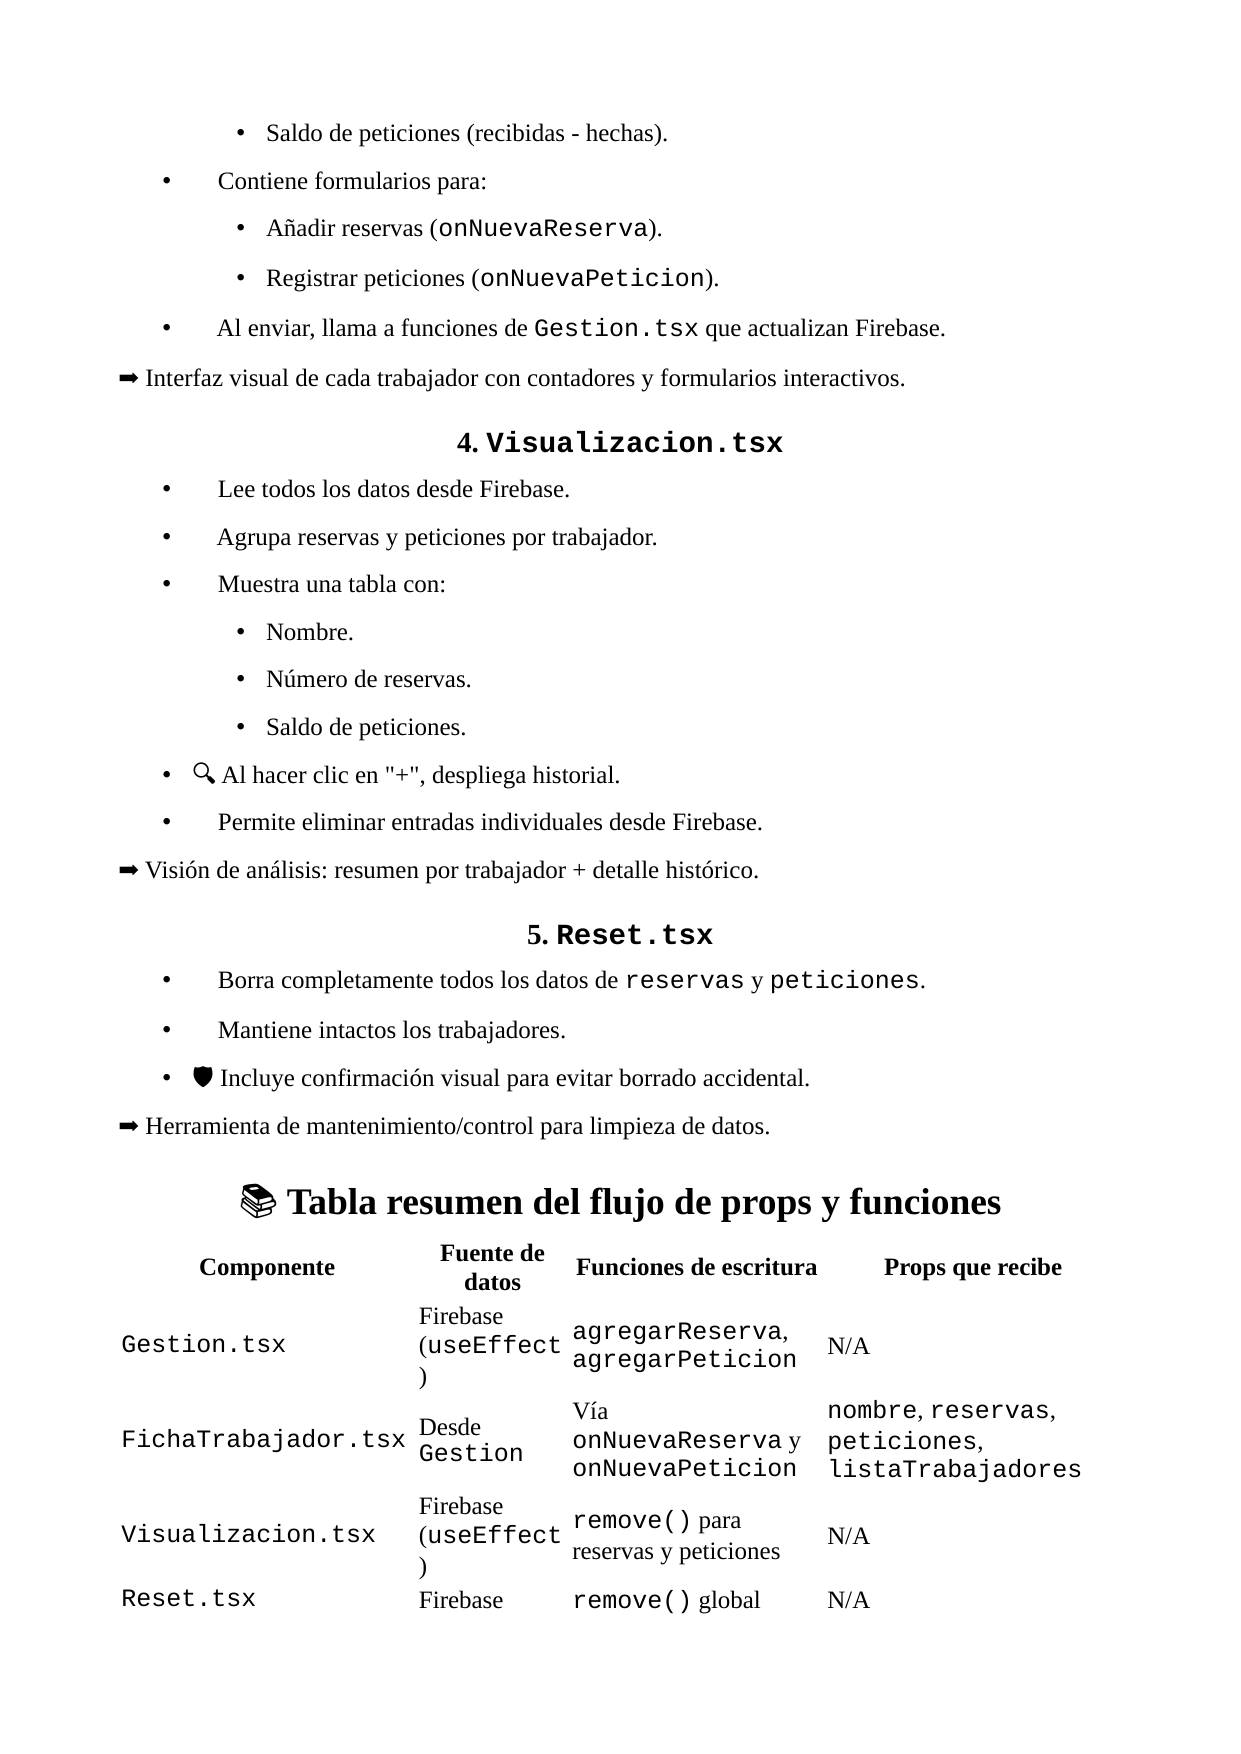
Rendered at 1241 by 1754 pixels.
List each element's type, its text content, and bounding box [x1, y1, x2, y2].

table_header Fuente de datos [416, 1235, 569, 1298]
subtitle 4. Visualizacion.tsx [118, 426, 1122, 462]
table_cell nombre, reservas, peticiones, listaTrabajadores [824, 1393, 1122, 1488]
list ➕ Contiene formularios para: [162, 166, 1122, 194]
table_cell remove() global [569, 1583, 824, 1619]
table_cell Firebase [416, 1583, 569, 1619]
table_cell N/A [824, 1298, 1122, 1392]
table_cell Firebase (useEffect) [416, 1488, 569, 1582]
table_cell Gestion.tsx [118, 1298, 416, 1392]
list 🛡️ Incluye confirmación visual para evitar borrado accidental. [162, 1063, 1122, 1092]
list Nombre. [236, 617, 1122, 646]
table_cell Reset.tsx [118, 1583, 416, 1619]
subtitle 5. Reset.tsx [118, 917, 1122, 953]
table_cell Visualizacion.tsx [118, 1488, 416, 1582]
list 🔄 Al enviar, llama a funciones de Gestion.tsx que actualizan Firebase. [162, 313, 1122, 344]
table_cell Firebase (useEffect) [416, 1298, 569, 1392]
table_cell N/A [824, 1583, 1122, 1619]
list 🔎 Lee todos los datos desde Firebase. [162, 474, 1122, 503]
table_cell Vía onNuevaReserva y onNuevaPeticion [569, 1393, 824, 1488]
list 🔍 Al hacer clic en "+", despliega historial. [162, 760, 1122, 788]
list 🧯 Mantiene intactos los trabajadores. [162, 1016, 1122, 1044]
text ➡️ Interfaz visual de cada trabajador con contadores y formularios interactivos. [118, 363, 1122, 392]
table_cell remove() para reservas y peticiones [569, 1488, 824, 1582]
table_cell Desde Gestion [416, 1393, 569, 1488]
list Añadir reservas (onNuevaReserva). [236, 213, 1122, 244]
table_cell FichaTrabajador.tsx [118, 1393, 416, 1488]
list 🔥 Borra completamente todos los datos de reservas y peticiones. [162, 966, 1122, 996]
table_header Props que recibe [824, 1235, 1122, 1298]
table_header Componente [118, 1235, 416, 1298]
list 🧮 Agrupa reservas y peticiones por trabajador. [162, 522, 1122, 550]
text ➡️ Visión de análisis: resumen por trabajador + detalle histórico. [118, 855, 1122, 884]
list Registrar peticiones (onNuevaPeticion). [236, 263, 1122, 294]
list Número de reservas. [236, 664, 1122, 693]
subtitle 📚 Tabla resumen del flujo de props y funciones [118, 1179, 1122, 1222]
table_header Funciones de escritura [569, 1235, 824, 1298]
table_cell agregarReserva, agregarPeticion [569, 1298, 824, 1392]
table_cell N/A [824, 1488, 1122, 1582]
list 🧾 Muestra una tabla con: [162, 569, 1122, 598]
list ❌ Permite eliminar entradas individuales desde Firebase. [162, 807, 1122, 836]
list Saldo de peticiones. [236, 712, 1122, 741]
list Saldo de peticiones (recibidas - hechas). [236, 118, 1122, 147]
text ➡️ Herramienta de mantenimiento/control para limpieza de datos. [118, 1111, 1122, 1139]
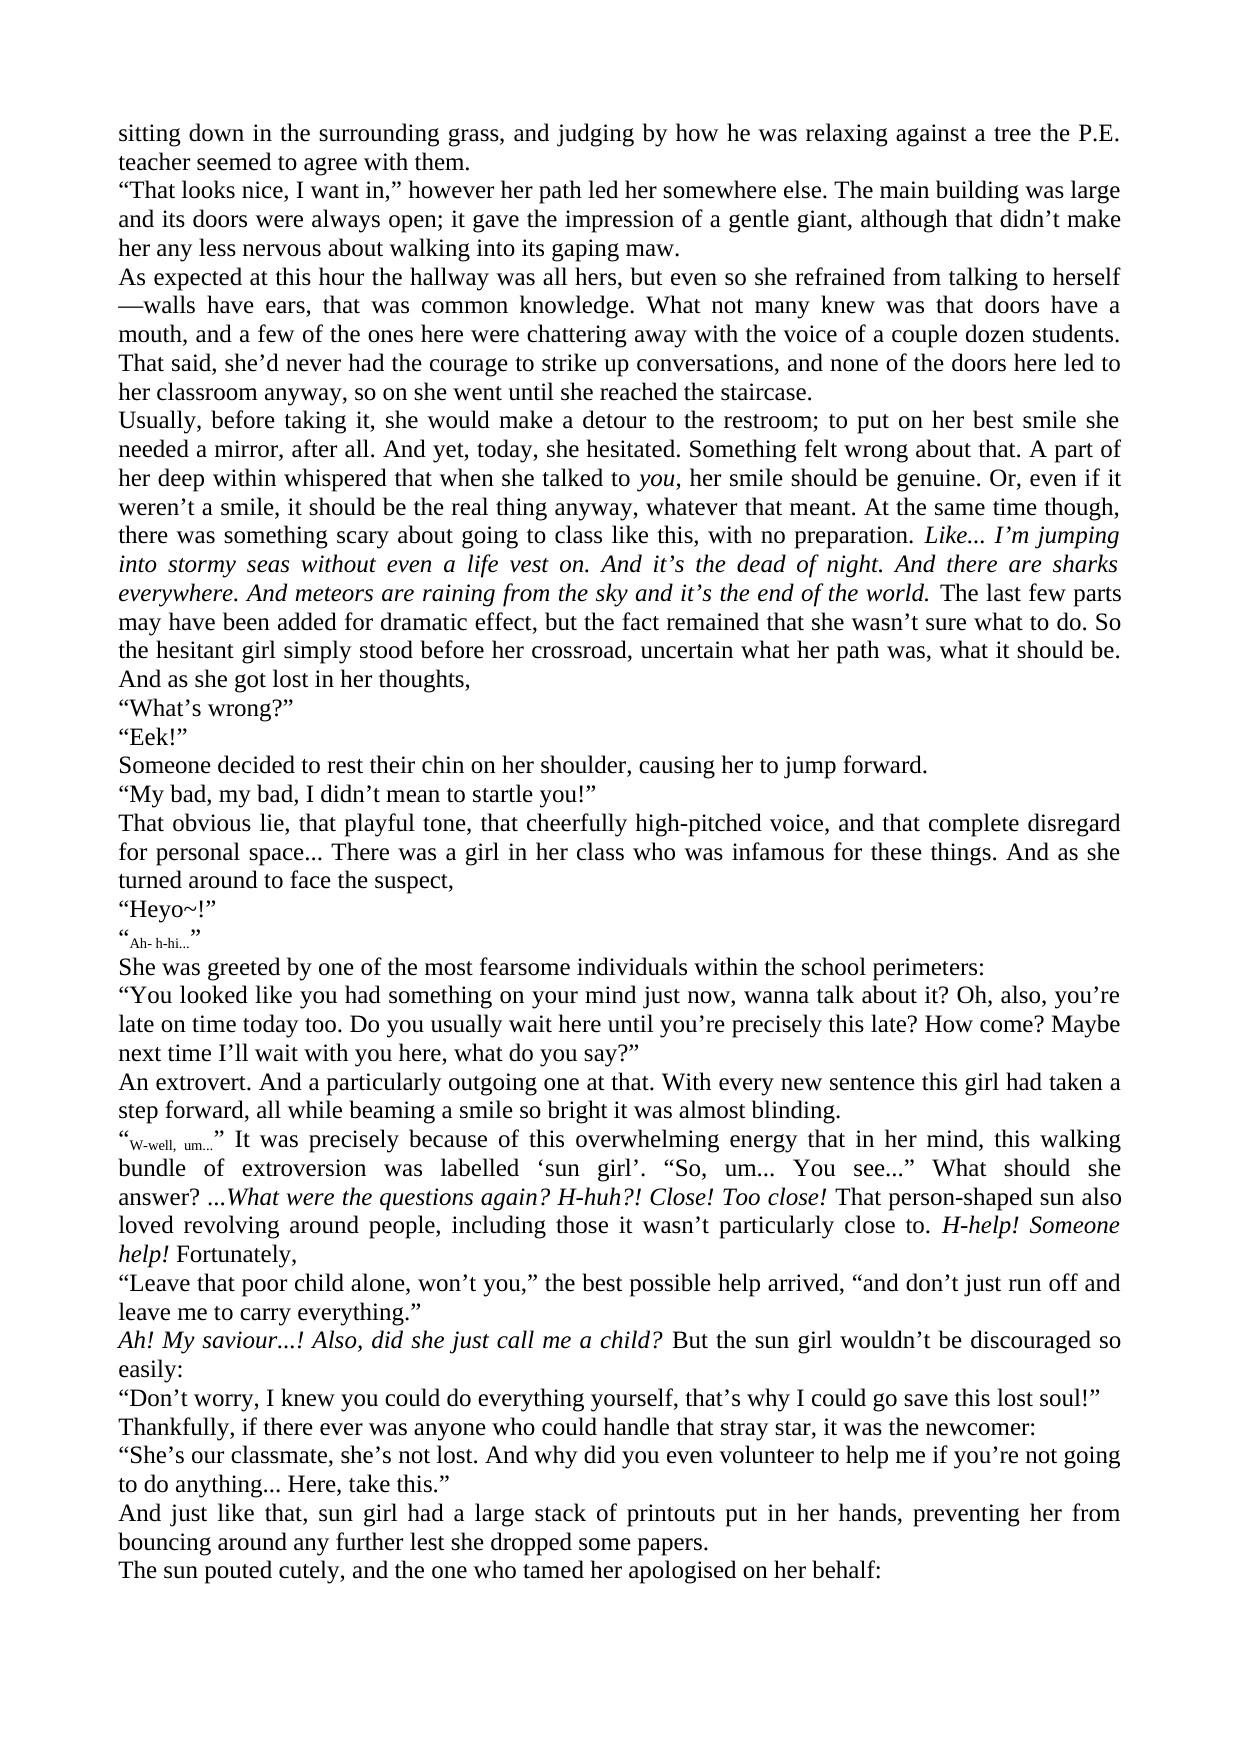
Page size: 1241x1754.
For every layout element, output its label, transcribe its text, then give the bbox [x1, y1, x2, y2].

text “Ah- h-hi...” [118, 923, 1122, 952]
text Someone decided to rest their chin on her shoulder, causing her to jump forward. [118, 751, 1122, 779]
text “W-well, um...” It was precisely because of this overwhelming energy that in her mind, this walking bundle of extroversion was labelled ‘sun girl’. “So, um... You see...” What should she answer? ...What were the questions again? H-huh?! Close! Too close! That person-shaped sun also loved revolving around people, including those it wasn’t particularly close to. H-help! Someone help! Fortunately, [118, 1124, 1122, 1268]
text She was greeted by one of the most fearsome individuals within the school perimeters: [118, 952, 1122, 981]
text An extrovert. And a particularly outgoing one at that. With every new sentence this girl had taken a step forward, all while beaming a smile so bright it was almost blinding. [118, 1067, 1122, 1124]
text “That looks nice, I want in,” however her path led her somewhere else. The main building was large and its doors were always open; it gave the impression of a gentle giant, although that didn’t make her any less nervous about walking into its gaping maw. [118, 176, 1122, 262]
text Ah! My saviour...! Also, did she just call me a child? But the sun girl wouldn’t be discouraged so easily: [118, 1326, 1122, 1383]
text That obvious lie, that playful tone, that cheerfully high-pitched voice, and that complete disregard for personal space... There was a girl in her class who was infamous for these things. And as she turned around to face the suspect, [118, 808, 1122, 894]
text “Eek!” [118, 722, 1122, 751]
text “Don’t worry, I knew you could do everything yourself, that’s why I could go save this lost soul!” [118, 1383, 1122, 1412]
text “Leave that poor child alone, won’t you,” the best possible help arrived, “and don’t just run off and leave me to carry everything.” [118, 1268, 1122, 1326]
text “She’s our classmate, she’s not lost. And why did you even volunteer to help me if you’re not going to do anything... Here, take this.” [118, 1441, 1122, 1498]
text Usually, before taking it, she would make a detour to the restroom; to put on her best smile she needed a mirror, after all. And yet, today, she hesitated. Something felt wrong about that. A part of her deep within whispered that when she talked to you, her smile should be genuine. Or, even if it weren’t a smile, it should be the real thing anyway, whatever that meant. At the same time though, there was something scary about going to class like this, with no preparation. Like... I’m jumping into stormy seas without even a life vest on. And it’s the dead of night. And there are sharks everywhere. And meteors are raining from the sky and it’s the end of the world. The last few parts may have been added for dramatic effect, but the fact remained that she wasn’t sure what to do. So the hesitant girl simply stood before her crossroad, uncertain what her path was, what it should be. And as she got lost in her thoughts, [118, 406, 1122, 693]
text “You looked like you had something on your mind just now, wanna talk about it? Oh, also, you’re late on time today too. Do you usually wait here until you’re precisely this late? How come? Maybe next time I’ll wait with you here, what do you say?” [118, 981, 1122, 1067]
text As expected at this hour the hallway was all hers, but even so she refrained from talking to herself —walls have ears, that was common knowledge. What not many knew was that doors have a mouth, and a few of the ones here were chattering away with the voice of a couple dozen students. That said, she’d never had the courage to strike up conversations, and none of the doors here led to her classroom anyway, so on she went until she reached the staircase. [118, 262, 1122, 406]
text “Heyo~!” [118, 894, 1122, 923]
text And just like that, sun girl had a large stack of printouts put in her hands, preventing her from bouncing around any further lest she dropped some papers. [118, 1498, 1122, 1556]
text sitting down in the surrounding grass, and judging by how he was relaxing against a tree the P.E. teacher seemed to agree with them. [118, 118, 1122, 176]
text “What’s wrong?” [118, 693, 1122, 722]
text The sun pouted cutely, and the one who tamed her apologised on her behalf: [118, 1556, 1122, 1584]
text Thankfully, if there ever was anyone who could handle that stray star, it was the newcomer: [118, 1412, 1122, 1441]
text “My bad, my bad, I didn’t mean to startle you!” [118, 779, 1122, 808]

- - -

_Assignment_:
Above are the records. Print exactly, and only, the lines from the line with "table_cell Desde Gestion" to the line with "subtitle 📚 Tabla", both inclusive.

_Answer area_:
table_cell Desde Gestion [416, 1393, 569, 1488]
list Añadir reservas (onNuevaReserva). [236, 213, 1122, 244]
table_cell FichaTrabajador.tsx [118, 1393, 416, 1488]
list 🔥 Borra completamente todos los datos de reservas y peticiones. [162, 966, 1122, 996]
table_header Props que recibe [824, 1235, 1122, 1298]
table_header Componente [118, 1235, 416, 1298]
list 🧮 Agrupa reservas y peticiones por trabajador. [162, 522, 1122, 550]
text ➡️ Visión de análisis: resumen por trabajador + detalle histórico. [118, 855, 1122, 884]
list Registrar peticiones (onNuevaPeticion). [236, 263, 1122, 294]
list Número de reservas. [236, 664, 1122, 693]
subtitle 📚 Tabla resumen del flujo de props y funciones [118, 1179, 1122, 1222]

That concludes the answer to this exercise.